Al-Khayma (الخيمة) was a Palestinian Arab village in the Ramle Subdistrict of Mandatory Palestine. It was depopulated during the 1948 Arab–Israeli War on July 9, 1948, by the Givati Brigade of Operation An-Far. It was located 18.5 km south of Ramla.

==History==
In 1863, Victor Guérin found that it had two hundred and fifty inhabitants.

In 1882, the PEF's Survey of Western Palestine noted it as principally an adobe village of "on low ground", and with a well to the east.

===British Mandate era===
In the 1922 census of Palestine, conducted by the British Mandate authorities, Khaimeh had a population of 132 Muslims, increasing in the 1931 census to 141 Muslims, in 30 houses.
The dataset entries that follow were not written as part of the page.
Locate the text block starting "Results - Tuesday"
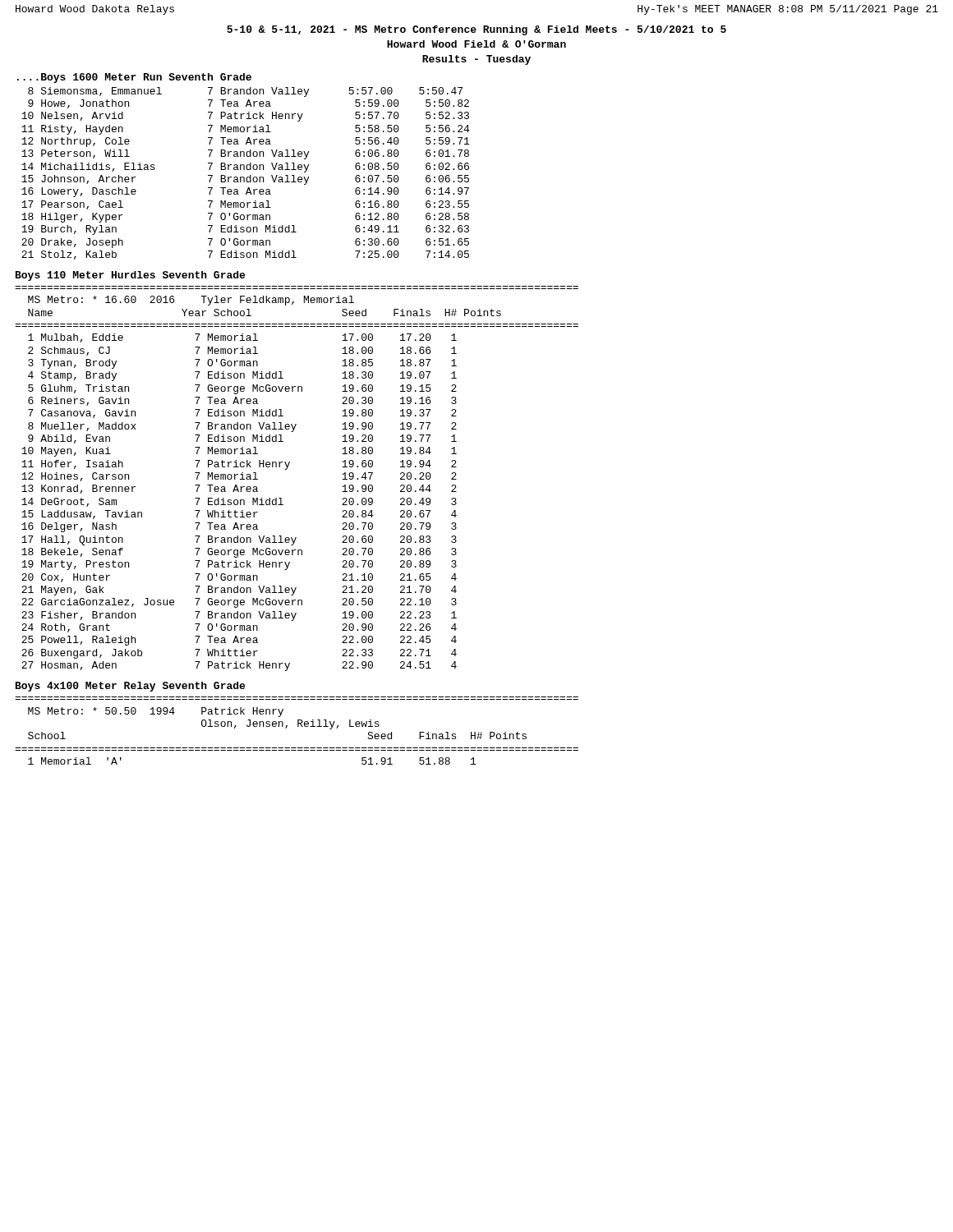Viewport: 953px width, 1232px height. click(x=476, y=60)
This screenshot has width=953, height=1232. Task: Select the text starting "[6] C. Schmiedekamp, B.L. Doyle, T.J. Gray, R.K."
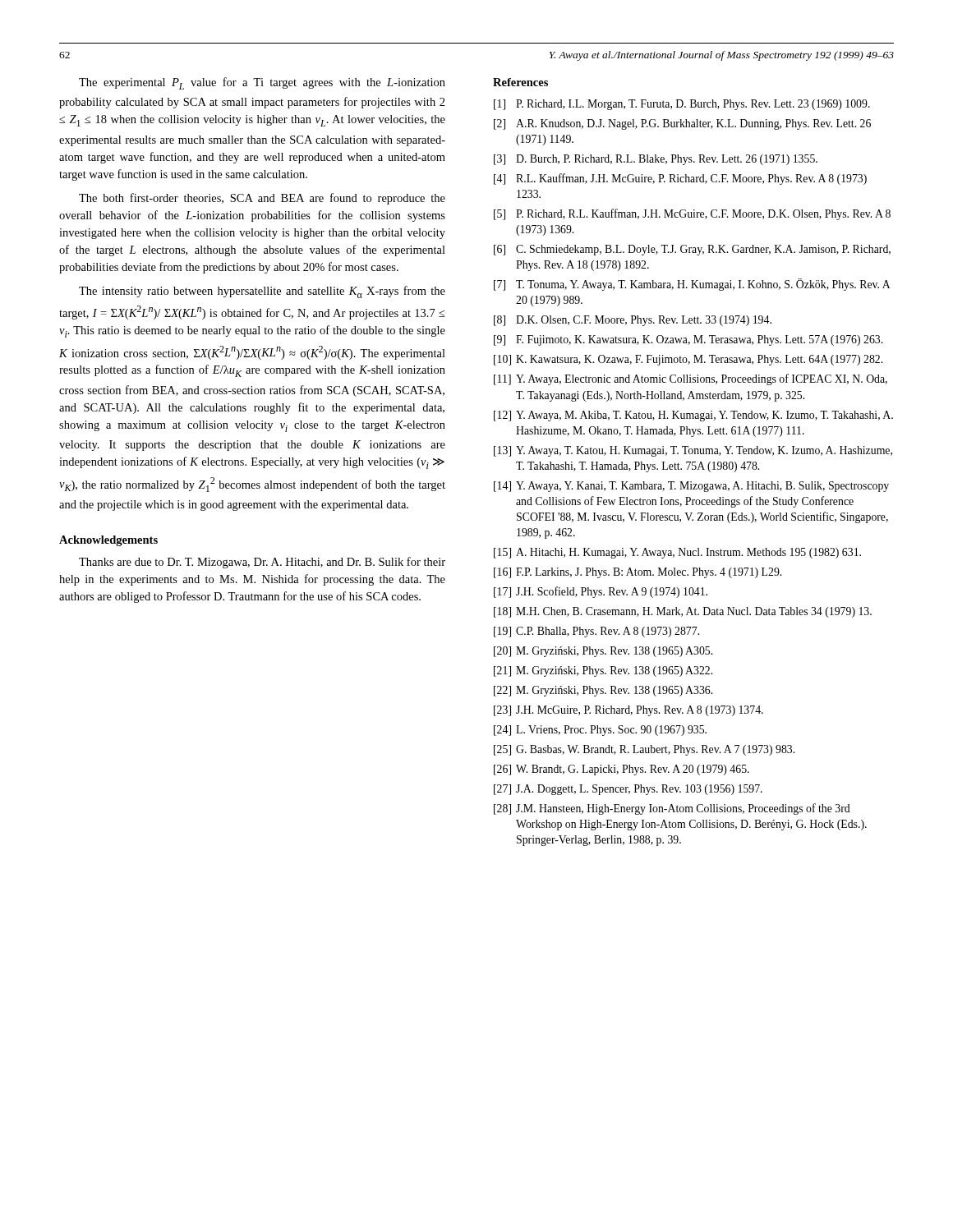pos(693,257)
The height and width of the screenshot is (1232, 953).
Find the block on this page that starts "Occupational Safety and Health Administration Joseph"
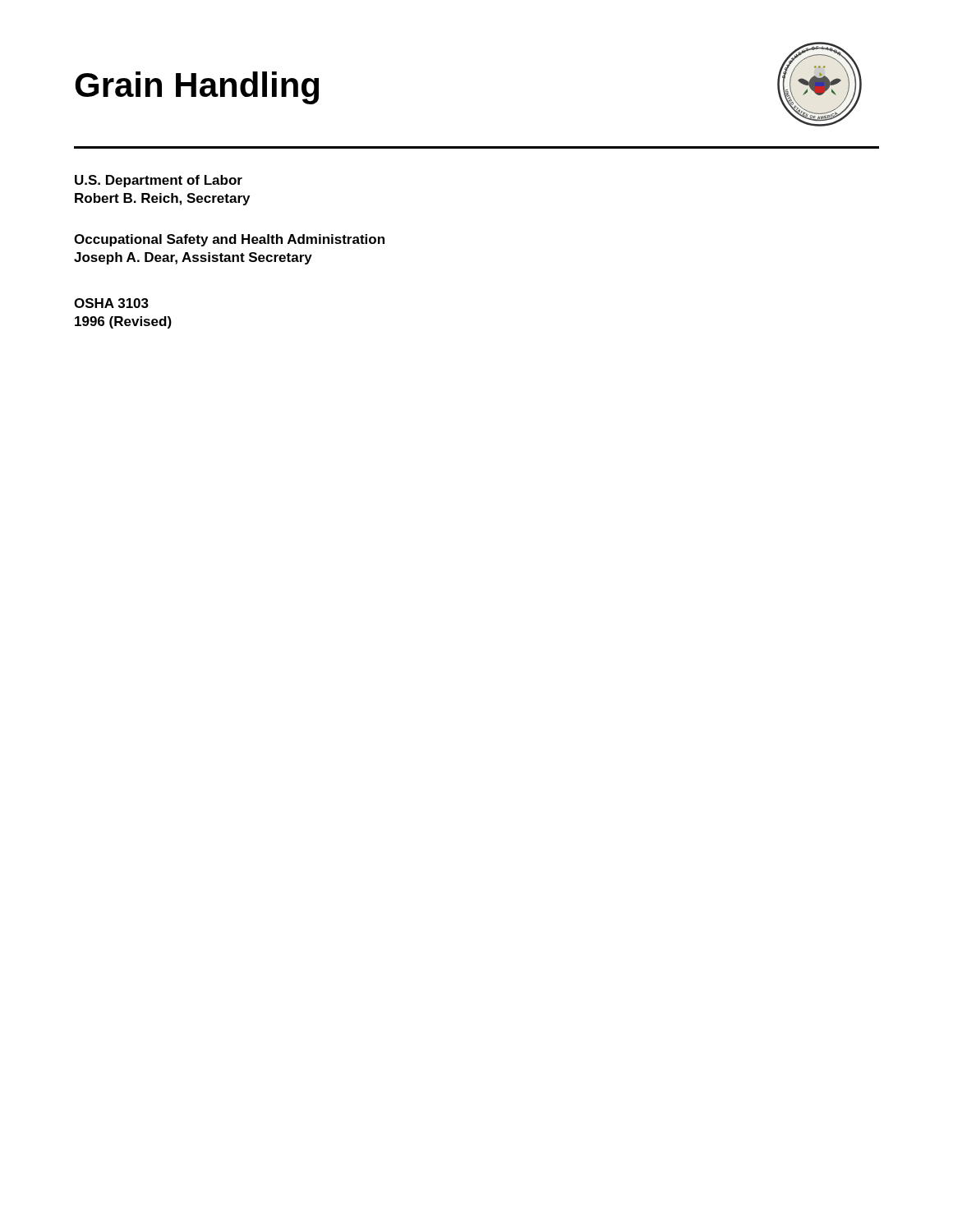point(230,249)
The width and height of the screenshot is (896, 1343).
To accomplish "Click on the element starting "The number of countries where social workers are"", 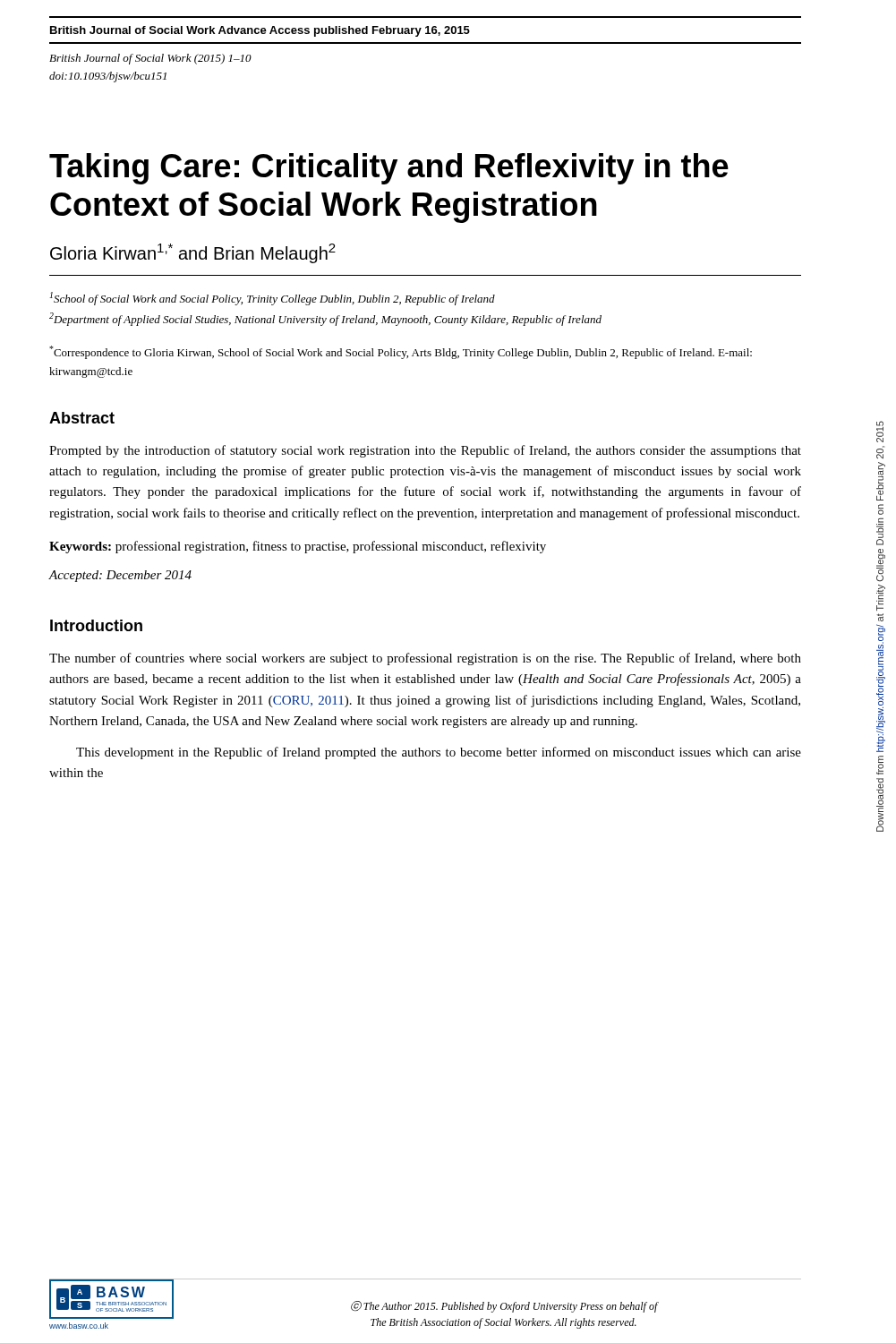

In the 1945 statistics, the village had a population of 190, all Muslim, and the total land area was 5,150 dunums. Of this, 4 dunams were irrigated or used for plantations, 5,007 were used for cereals, while 9 dunams were classified as built-up urban areas.

===1948 and aftermath===
Morris list both date and reason for depopulation as "not known". However, he also notes it in connection with Operation An-Far, in mid July 1948.

Following the 1948 war, the area was incorporated into the State of Israel and in August 1948 al-Khaymas was one of 21 Palestinian villages whose land was proposed for resettlement with an Israeli village named Revadim. In November, 1948, the proposal to establish Revadim on al-Khayma's land was passed.

Revadim was eventually established close to village land, according to Morris, however, according to Khalidi, Revadim is located north of al-Khayma, on the land of the depopulated Palestinian village of al-Mukhayzin.

In 1992 the village site was described: "All that remains of the village are three mounds to the east, west, and south of the site that contain the remnants of houses. A girder protrudes from the eastern mound and there is a large, deserted well at the mounds centre. A large artificial pond lies about 100 m northeast of the site, and there is a monument next to a well about 0.5 km to the north. An inscription on the monument reads: To the eMemory of the Members of Kibbutz Revadim, who Settled on the Land in 1948."